A Muslim journalist in Bangladesh has been imprisoned by the government for allegedly spying for Israel, while his supporters and family say his only “crime” is daring to advocate for more understanding between Jews, Christians and Muslims.

“It is already more than 90 days that I have been detained [for] working for world peace,” wrote Salah Uddin Shoaib Choudhury from prison recently.

Choudhury says the government is also punishing him because he has urged officials to establish ties between Bangladesh and Israel.

Salah Uddin Shoaib Choudhury

Throughout 2003, Choudhury, the editor of the weekly entertainment magazine “Blitz,” published articles calling on Bangladesh to recognize Israel as well as condemning terrorism and what he sees as bias in the press against Israel and Jews. He also helped publish pro-Israeli articles by an American Jew, sparking the beginnings of debate in the Bangladeshi press and in the halls of government.

On Nov. 29, as he prepared to board a plane for Bangkok on his way to Tel Aviv to give an address on the role of the media in creating peace, Choudhury was taken by police and held overnight. The next day, a magistrate ordered him remanded for “questioning.” The pending charge: espionage, spying for “the interests of Israel against the interests of Bangladesh.” Shortly thereafter, his press offices and home were raided, and police seized his computers, disks and other files.

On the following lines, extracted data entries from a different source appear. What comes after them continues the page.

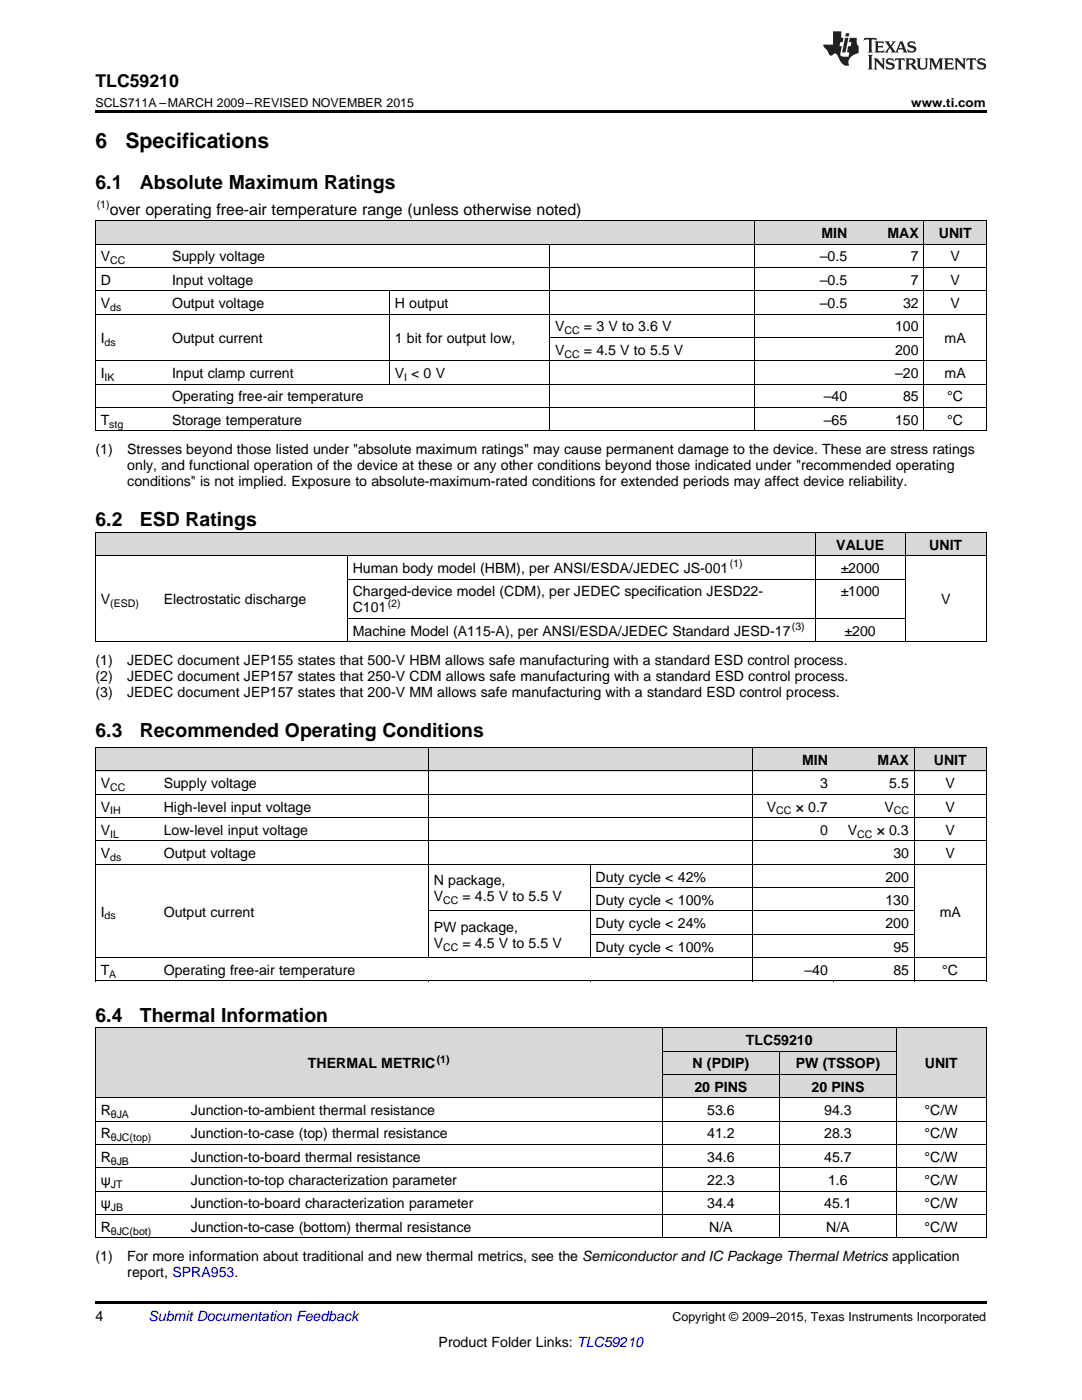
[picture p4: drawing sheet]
<svg xmlns="http://www.w3.org/2000/svg" width="216mm" height="279mm" viewBox="0 0 216 279" stroke-linecap="round" stroke-linejoin="round" font-family="sans-serif">
<defs><g id="words">
<g font-size="4.2">
<text x="19" y="29.6">6</text>
<text x="25" y="29.6">Specifications</text>
</g>
<g font-size="3.9">
<text x="19" y="37.7">6.1</text>
<text x="27.9" y="37.7">Absolute Maximum Ratings</text>
<text x="19" y="105.1">6.2</text>
<text x="27.9" y="105.1">ESD Ratings</text>
<text x="19" y="147.1">6.3</text>
<text x="27.9" y="147.1">Recommended Operating Conditions</text>
<text x="19" y="203.9">6.4</text>
<text x="27.9" y="203.9">Thermal Information</text>
</g>
<text font-size="3.5" x="19" y="17.3">TLC59210</text>
<text font-size="3.2" x="21.9" y="42.9">over operating free-air temperature range (unless otherwise noted)</text>
<g font-size="2.8">
<text x="163.9" y="47.5">MIN</text>
<text x="177.1" y="47.5">MAX</text>
<text x="187.3" y="47.5">UNIT</text>
<text x="20.1" y="52.2">V</text>
<text x="34.3" y="52.2">Supply voltage</text>
<text x="163.6" y="52.2">–0.5</text>
<text x="181.8" y="52.2">7</text>
<text x="189.7" y="52.2">V</text>
<text x="20.1" y="56.8">D</text>
<text x="34.3" y="56.8">Input voltage</text>
<text x="163.6" y="56.8">–0.5</text>
<text x="181.8" y="56.8">7</text>
<text x="189.7" y="56.8">V</text>
<text x="20.1" y="61.5">V</text>
<text x="34.3" y="61.5">Output voltage</text>
<text x="78.8" y="61.5">H output</text>
<text x="163.6" y="61.5">–0.5</text>
<text x="180.2" y="61.5">32</text>
<text x="189.7" y="61.5">V</text>
<text x="20.1" y="68.5">I</text>
<text x="34.3" y="68.5">Output current</text>
<text x="78.8" y="68.5">1 bit for output low,</text>
<text x="110.8" y="66.1">V</text>
<text x="110.8" y="70.8">V</text>
<text x="116.5" y="66.1">= 3 V to 3.6 V</text>
<text x="116.5" y="70.8">= 4.5 V to 5.5 V</text>
<text x="178.6" y="66.1">100</text>
<text x="178.6" y="70.8">200</text>
<text x="188.5" y="68.5">mA</text>
<text x="20.1" y="75.5">I</text>
<text x="34.3" y="75.5">Input clamp current</text>
<text x="78.8" y="75.5">V &lt; 0 V</text>
<text x="178.6" y="75.5">–20</text>
<text x="188.5" y="75.5">mA</text>
<text x="34.3" y="80.1">Operating free-air temperature</text>
<text x="164.4" y="80.1">–40</text>
<text x="180.2" y="80.1">85</text>
<text x="189" y="80.1">°C</text>
<text x="20.1" y="84.8">T</text>
<text x="34.3" y="84.8">Storage temperature</text>
<text x="164.4" y="84.8">–65</text>
<text x="178.6" y="84.8">150</text>
<text x="189" y="84.8">°C</text>
<text x="19" y="90.6">(1)</text>
<text x="25.4" y="90.6">Stresses beyond those listed under &quot;absolute maximum ratings&quot; may cause permanent damage to the device. These are stress ratings</text>
<text x="25.4" y="93.8">only, and functional operation of the device at these or any other conditions beyond those indicated under &quot;recommended operating</text>
<text x="25.4" y="97">conditions&quot; is not implied. Exposure to absolute-maximum-rated conditions for extended periods may affect device reliability.</text>
<text x="166.9" y="109.7">VALUE</text>
<text x="185.4" y="109.7">UNIT</text>
<text x="70.4" y="114.4">Human body model (HBM), per ANSI/ESDA/JEDEC JS-001</text>
<text x="70.4" y="119">Charged-device model (CDM), per JEDEC specification JESD22-</text>
<text x="167.7" y="114.4">±2000</text>
<text x="167.7" y="119">±1000</text>
<text x="20.1" y="120.6">V</text>
<text x="32.7" y="120.6">Electrostatic discharge</text>
<text x="70.4" y="122.2">C101</text>
<text x="187.8" y="120.6">V</text>
<text x="70.4" y="126.9">Machine Model (A115-A), per ANSI/ESDA/JEDEC Standard JESD-17</text>
<text x="168.5" y="126.9">±200</text>
<text x="19" y="132.7">(1)</text>
<text x="19" y="135.9">(2)</text>
<text x="25.4" y="132.7">JEDEC document JEP155 states that 500-V HBM allows safe manufacturing with a standard ESD control process.</text>
<text x="25.4" y="135.9">JEDEC document JEP157 states that 250-V CDM allows safe manufacturing with a standard ESD control process.</text>
<text x="19" y="139.1">(3)</text>
<text x="25.4" y="139.1">JEDEC document JEP157 states that 200-V MM allows safe manufacturing with a standard ESD control process.</text>
<text x="160.1" y="152.6">MIN</text>
<text x="175.1" y="152.6">MAX</text>
<text x="186.3" y="152.6">UNIT</text>
<text x="20.1" y="157.3">V</text>
<text x="20.1" y="162">V</text>
<text x="32.7" y="157.3">Supply voltage</text>
<text x="32.7" y="162">High-level input voltage</text>
<text x="153" y="162">V</text>
<text x="158.8" y="162">× 0.7</text>
<text x="163.7" y="157.3">3</text>
<text x="176.5" y="162">V</text>
<text x="177.4" y="157.3">5.5</text>
<text x="188.7" y="157.3">V</text>
<text x="188.7" y="162">V</text>
<text x="20.1" y="166.6">V</text>
<text x="32.7" y="166.6">Low-level input voltage</text>
<text x="163.7" y="166.6">0</text>
<text x="169.2" y="166.6">V</text>
<text x="175" y="166.6">× 0.3</text>
<text x="188.7" y="166.6">V</text>
<text x="20.1" y="171.3">V</text>
<text x="32.7" y="171.3">Output voltage</text>
<text x="178.3" y="171.3">30</text>
<text x="188.7" y="171.3">V</text>
<text x="86.5" y="176.7">N package,</text>
<text x="86.5" y="179.8">V</text>
<text x="92.3" y="179.8">= 4.5 V to 5.5 V</text>
<text x="118.9" y="175.9">Duty cycle &lt; 42%</text>
<text x="176.7" y="175.9">200</text>
<text x="20.1" y="182.9">I</text>
<text x="32.7" y="182.9">Output current</text>
<text x="86.5" y="186">PW package,</text>
<text x="118.9" y="180.6">Duty cycle &lt; 100%</text>
<text x="118.9" y="185.2">Duty cycle &lt; 24%</text>
<text x="176.7" y="180.6">130</text>
<text x="176.7" y="185.2">200</text>
<text x="187.5" y="182.9">mA</text>
<text x="86.5" y="189.2">V</text>
<text x="92.3" y="189.2">= 4.5 V to 5.5 V</text>
<text x="118.9" y="189.9">Duty cycle &lt; 100%</text>
<text x="178.3" y="189.9">95</text>
<text x="20.1" y="194.6">T</text>
<text x="32.7" y="194.6">Operating free-air temperature</text>
<text x="160.5" y="194.6">–40</text>
<text x="178.3" y="194.6">85</text>
<text x="188" y="194.6">°C</text>
<text x="148.8" y="208.6">TLC59210</text>
<text x="61.5" y="213.2">THERMAL METRIC</text>
<text x="138.2" y="213.2">N (PDIP)</text>
<text x="158.8" y="213.2">PW (TSSOP)</text>
<text x="184.5" y="213.2">UNIT</text>
<text x="138.6" y="217.9">20 PINS</text>
<text x="161.9" y="217.9">20 PINS</text>
<text x="20.1" y="222.5">R</text>
<text x="20.1" y="227.2">R</text>
<text x="38.1" y="222.5">Junction-to-ambient thermal resistance</text>
<text x="38.1" y="227.2">Junction-to-case (top) thermal resistance</text>
<text x="141.1" y="222.5">53.6</text>
<text x="141.1" y="227.2">41.2</text>
<text x="164.5" y="222.5">94.3</text>
<text x="164.5" y="227.2">28.3</text>
<text x="184.5" y="222.5">°C/W</text>
<text x="184.5" y="227.2">°C/W</text>
<text x="20.1" y="231.8">R</text>
<text x="38.1" y="231.8">Junction-to-board thermal resistance</text>
<text x="141.1" y="231.8">34.6</text>
<text x="164.5" y="231.8">45.7</text>
<text x="184.5" y="231.8">°C/W</text>
<text x="20.1" y="236.5">ψ</text>
<text x="38.1" y="236.5">Junction-to-top characterization parameter</text>
<text x="141.1" y="236.5">22.3</text>
<text x="165.2" y="236.5">1.6</text>
<text x="184.5" y="236.5">°C/W</text>
<text x="20.1" y="241.2">ψ</text>
<text x="20.1" y="245.8">R</text>
<text x="38.1" y="241.2">Junction-to-board characterization parameter</text>
<text x="38.1" y="245.8">Junction-to-case (bottom) thermal resistance</text>
<text x="141.1" y="241.2">34.4</text>
<text x="141.5" y="245.8">N/A</text>
<text x="164.5" y="241.2">45.1</text>
<text x="164.9" y="245.8">N/A</text>
<text x="184.5" y="241.2">°C/W</text>
<text x="184.5" y="245.8">°C/W</text>
<text x="19" y="251.7">(1)</text>
<text x="25.4" y="251.7">For more information about traditional and new thermal metrics, see the Semiconductor and IC Package Thermal Metrics application</text>
<text x="25.4" y="254.8">report, SPRA953.</text>
<text x="19" y="263.6">4</text>
<text x="87.5" y="268.9">Product Folder Links: TLC59210</text>
</g>
<text font-size="2.8" fill="#0000c8" x="29.6" y="263.6">Submit Documentation Feedback</text>
<g font-size="2.5">
<text x="19" y="21.4">SCLS711A –MARCH 2009–REVISED NOVEMBER 2015</text>
<text x="181.8" y="21.4">www.ti.com</text>
<text x="134.2" y="263.6">Copyright © 2009–2015, Texas Instruments Incorporated</text>
</g>
<g font-size="2.1">
<text x="19.3" y="41.6">(1)</text>
<text x="22" y="52.7">CC</text>
<text x="22" y="62.1">ds</text>
<text x="20.9" y="69">ds</text>
<text x="112.6" y="66.7">CC</text>
<text x="112.6" y="71.4">CC</text>
<text x="20.9" y="76">IK</text>
<text x="80.6" y="76">I</text>
<text x="21.8" y="85.3">stg</text>
<text x="145.6" y="113.2">(1)</text>
<text x="22" y="121.2">(ESD)</text>
<text x="77.4" y="121.1">(2)</text>
<text x="158" y="125.7">(3)</text>
<text x="22" y="157.9">CC</text>
<text x="22" y="162.5">IH</text>
<text x="22" y="167.2">IL</text>
<text x="154.9" y="162.5">CC</text>
<text x="171.1" y="167.2">CC</text>
<text x="178.3" y="162.5">CC</text>
<text x="22" y="171.8">ds</text>
<text x="20.9" y="183.5">ds</text>
<text x="88.4" y="180.4">CC</text>
<text x="88.4" y="189.7">CC</text>
<text x="21.8" y="195.1">A</text>
<text x="87.1" y="212.1">(1)</text>
<text x="22.1" y="223.1">θJA</text>
<text x="22.1" y="227.8">θJC(top)</text>
<text x="22.1" y="232.4">θJB</text>
<text x="22.1" y="237.1">JT</text>
<text x="22.1" y="241.7">JB</text>
<text x="22.1" y="246.4">θJC(bot)</text>
</g>
</g></defs>
<g fill="#d8d8d8">
<path d="M19 205.2h18v13.9h-18z"/>
<path d="M37 205.2h95.2v13.9h-95.2z"/>
<path d="M132.2 214.5h23.3v4.6h-23.3z"/>
<path d="M155.5 214.5h23.4v4.6h-23.4z"/>
<path d="M178.9 205.2h17.9v13.9h-17.9z"/>
<path d="M132.2 209.8h23.3v4.7h-23.3z"/>
<path d="M155.5 209.8h23.4v4.7h-23.4z"/>
<path d="M132.2 205.2h23.3v4.6h-23.3z"/>
<path d="M155.5 205.2h23.4v4.6h-23.4z"/>
<path d="M19 149.3h12.6v4.6h-12.6z"/>
<path d="M31.6 149.3h53.9v4.6h-53.9z"/>
<path d="M85.5 149.3h32.3v4.6h-32.3z"/>
<path d="M117.8 149.3h32.3v4.6h-32.3z"/>
<path d="M150.1 149.3h16.2v4.6h-16.2z"/>
<path d="M166.3 149.3h16.2v4.6h-16.2z"/>
<path d="M182.5 149.3h14.3v4.6h-14.3z"/>
<path d="M19 106.3h12.6v4.7h-12.6z"/>
<path d="M31.6 106.3h37.7v4.7h-37.7z"/>
<path d="M69.3 106.3h93.4v4.7h-93.4z"/>
<path d="M162.7 106.3h18v4.7h-18z"/>
<path d="M180.7 106.3h16.1v4.7h-16.1z"/>
<path d="M19 44.1h14.3v4.7h-14.3z"/>
<path d="M33.3 44.1h44.4v4.7h-44.4z"/>
<path d="M77.7 44.1h32v4.7h-32z"/>
<path d="M109.7 44.1h40.9v4.7h-40.9z"/>
<path d="M150.6 44.1h19.6v4.7h-19.6z"/>
<path d="M170.2 44.1h14.2v4.7h-14.2z"/>
<path d="M184.4 44.1h12.4v4.7h-12.4z"/>
</g>
<g fill="#000">
<path d="M19 22h177.8v.5h-177.8zM19 128.1h.2zM69.2 128.1h.1zM162.6 128.1h.1zM180.6 128.1h.1zM196.7 128.1h.1zM19 195.8h.2zM85.4 195.8h.1zM117.7 195.8h.1zM150 195.8h.1zM166.2 195.8h.1zM182.4 195.8h.1z"/>
<path d="M196.7 195.8h.1zM19 247.1h.2zM132.1 247.1h.1zM155.4 247.1h.1zM178.8 247.1h.1zM196.7 247.1h.1zM19 259.7h177.8v.5h-177.8z"/>
</g>
<g fill="none" stroke="#000" stroke-width=".2">
<path d="M19 58h177.8M19 53.4h177.8M19 48.7h177.8M19 44.1h177.8M19.1 44.1v41.9M77.7 58.1v18.6M109.7 48.8v37.2M150.5 44.1v41.9M184.3 44.1v41.9M196.8 44.1v41.9M19 76.7h177.8M19 72h177.8"/>
<path d="M19 62.7h177.8M109.7 67.4h74.7M19 86h177.8M19 81.3h177.8M19 110.9h177.8M19 106.3h177.8M19.1 106.3v21.8M69.3 110.9v17.2M69.3 115.6h111.4M162.6 106.3v21.8M180.6 106.3v21.8M196.8 106.3v21.8"/>
<path d="M19 128.1h177.8M69.3 123.4h111.4M19 158.5h177.8M19 153.9h177.8M19 149.2h177.8M19.1 149.2v46.6M85.4 149.2v42M150.1 149.2v46.6M182.4 149.2v46.6M196.8 149.2v46.6M19 172.5h177.8M19 167.8h177.8"/>
<path d="M19 163.2h177.8M117.7 172.5v18.7M117.8 177.1h64.7M19 195.8h177.8M19 191.1h177.8M85.5 181.8h97M117.8 186.5h64.7M19 219.1h177.8M19 205.1h177.8M19.1 205.1v42M132.1 205.1v42M132.2 214.4h46.7"/>
<path d="M132.2 209.8h46.7M155.5 209.8v37.3M178.8 205.1v42M196.8 205.1v42M19 237.7h177.8M19 233.1h177.8M19 228.4h177.8M19 223.7h177.8M19 247h177.8M19 242.4h177.8"/>
</g>
<g fill="#231f20">
<path d="M172.5 7.6l-.1 .5 .4-.2h.6v.1v2.1l-.2 .4h.9l-.2-.4v-2.1l.1-.1h.5l.5 .2-.2-.5zM174.5 8.3l.2 .3v1.5l-.2 .4h1.8l.2-.6a1.04 1.04 0 0 1-1.3 .2v-.7h.6l.3 .2v-.6l-.3 .2h-.6v-.6l.8-.1 .4 .3-.2-.5zM176.5 8.3l.9 1.1-.9 1.1h.8l-.2-.2 .4-.7 .5 .7-.2 .2h1.5l-.2-.2 .2-.4h.9l.1 .4-.2 .2h1l-.3-.3-.7-1.9h-.5l-.9 2-.8-1 .9-1h-.8l.1 .3-.4 .5-.3-.6 .1-.2zM179.7 8.6l.4 1h-.7zM181.3 8.4a.63 .63 0 0 0-.2 .7 .63 .63 0 0 0 .6 .4l.6 .2 .1 .2a.75 .75 0 0 1-.7 .4 .75 .75 0 0 1-.6-.5l.1 .7 .1-.1a1.11 1.11 0 0 0 1.5-.6 1.13 1.13 0 0 0-1.2-.8l-.1-.4a1.04 1.04 0 0 1 1.2 .2l-.2-.5-.2 .1-.4-.2zM173.2 10.9l.2 .4v2.2l-.2 .4h1l-.3-.4v-2.2l.3-.4zM174.3 11.6l.3 .4v1.5l-.3 .4h.8l-.2-.4v-1.3l1.5 1.7v-1.9l.2-.4h-.7l.2 .4v.9l-1.1-1.3zM177 11.8a.62 .62 0 0 0-.2 .7 .62 .62 0 0 0 .6 .4l.6 .1 .1 .3a.76 .76 0 0 1-.7 .3 .76 .76 0 0 1-.7-.4l.2 .7 .1-.1a1.11 1.11 0 0 0 1.5-.6 1.13 1.13 0 0 0-1.2-.8l-.1-.4a1.04 1.04 0 0 1 1.2 .2l-.2-.6-.2 .1-.5-.1zM178.7 11.6l-.2 .6a.61 .61 0 0 1 .8-.3v1.6l-.2 .4h.9l-.2-.4v-1.6a.63 .63 0 0 1 .7 .3l-.1-.6zM180.6 11.6l.3 .4v1.5l-.3 .4h1l-.2-.2-.1-.8 .6 .2a.76 .76 0 0 0 1.2 .7l-1-1a.58 .58 0 0 0 .6-.5 .58 .58 0 0 0-.5-.6zM181.4 11.9h.1a.45 .45 0 0 1 .5 .1 .45 .45 0 0 1 .1 .5l-.8 .2zM182.9 11.6l.2 .2a2.17 2.17 0 0 0 .3 1.9 .99 .99 0 0 0 1.6-.6v-1.1l.2-.4h-.7l.2 .2a1.92 1.92 0 0 1-.2 1.8 .6 .6 0 0 1-.9-.5v-1.1l.2-.4zM185.4 11.6l.2 .4v1.5l-.2 .4h.7l-.2-.4v-1.4l.8 1.8 .8-1.8v1.4l-.2 .4h.9l-.2-.4v-1.5l.2-.4h-.8l-.6 1.5-.6-1.5zM188.4 11.6l.2 .4v1.5l-.2 .4h1.8l.1-.6a1.04 1.04 0 0 1-1.2 .1v-.6h.5l.4 .2v-.6l-.4 .2h-.5v-.7h.8l.3 .3-.1-.6zM190.5 11.6l.2 .4v1.5l-.2 .4h.7l-.2-.4v-1.3l1.5 1.7v-1.9l.2-.4h-.7l.2 .4v.9l-1.1-1.3zM192.9 11.6l-.1 .6a.61 .61 0 0 1 .7-.3l.1 1.6-.3 .4h1l-.3-.4 .1-1.6a.63 .63 0 0 1 .7 .3l-.1-.6zM195.2 11.8a.62 .62 0 0 0-.2 .7 .62 .62 0 0 0 .6 .4l.6 .1 .1 .3a.76 .76 0 0 1-.7 .3 .76 .76 0 0 1-.6-.4l.1 .7 .1-.1a1.11 1.11 0 0 0 1.6-.6 1.13 1.13 0 0 0-1.3-.8l-.1-.4a1.04 1.04 0 0 1 1.2 .2l-.1-.6-.2 .1-.5-.1z"/>
<path d="M166.2 6.3v2.6h-1.9v.4l.8 .9a.91 .91 0 0 0 1 .8 .56 .56 0 0 1 .5-.3 .56 .56 0 0 1 .5 .3l.4 .8a1.53 1.53 0 0 0 1.9 1.2 1.54 1.54 0 0 1 1-2.1l.9-.3v-1.4a1.52 1.52 0 0 1-.4-1.6h-1.3l-.2 .8h.5l-.2 .8h-.5l-.1 1v.2l.4 .1-.2 .8a1.93 1.93 0 0 1-1.6-.3l.3-1.8h-.5l.2-.8h.4l.2-.8h-.4v-1.3zM168.6 7.6l-.6 2.9h.7l.6-2.9zM168.8 6.6l-.1 .7h.6l.2-.7z"/>
</g>
<use href="#words"/>
</svg>

Richard Benkin, Ph.D., a former sociology professor who has written extensively on Israel and Jewish history, chairs the international effort to free Choudhury.

Benkin blames Islamic fundamentalists for Choudhury’s fate and says the editor’s writings were just too controversial for the government to tolerate.

Said Benkin, “Before his arrest, Choudhury’s own writings and a growing number by other authors were beginning to spark something of a debate about the Middle East and the role that Bangladesh and other non-Arab Muslim nations might play. And that dialogue was spreading to other papers, as well.”

According to Benkin, Choudhury claims his own brother-in-law worked with police to prevent his trip and fabricate espionage charges against him, secretly copying Choudhury’s personal documents and then passing them to the government.

Benkin says a “public vilification program” ensued. Through selective government leaks, innuendo and outright falsehoods, he claims, Choudhury was accused at different times of being a Mossad agent and a Muslim fundamentalist, a homosexual and a womanizer, a committed Zionist and an opportunist seeking personal gain. His family has been threatened and continually receives pressure to renounce him and his stance, Benkin says. His brother and principal spokesman, Sohail Choudhury, has been attacked and twice had to flee the capital city of Dhaka. The police refused to record the attacks and reportedly chastised the Choudhurys for their “alliance with the Jews.”

“It is easy to defame anyone here just by accusation and rumor by saying he is part of a worldwide Jewish conspiracy or an Israeli spy,” Sohail Choudhury said.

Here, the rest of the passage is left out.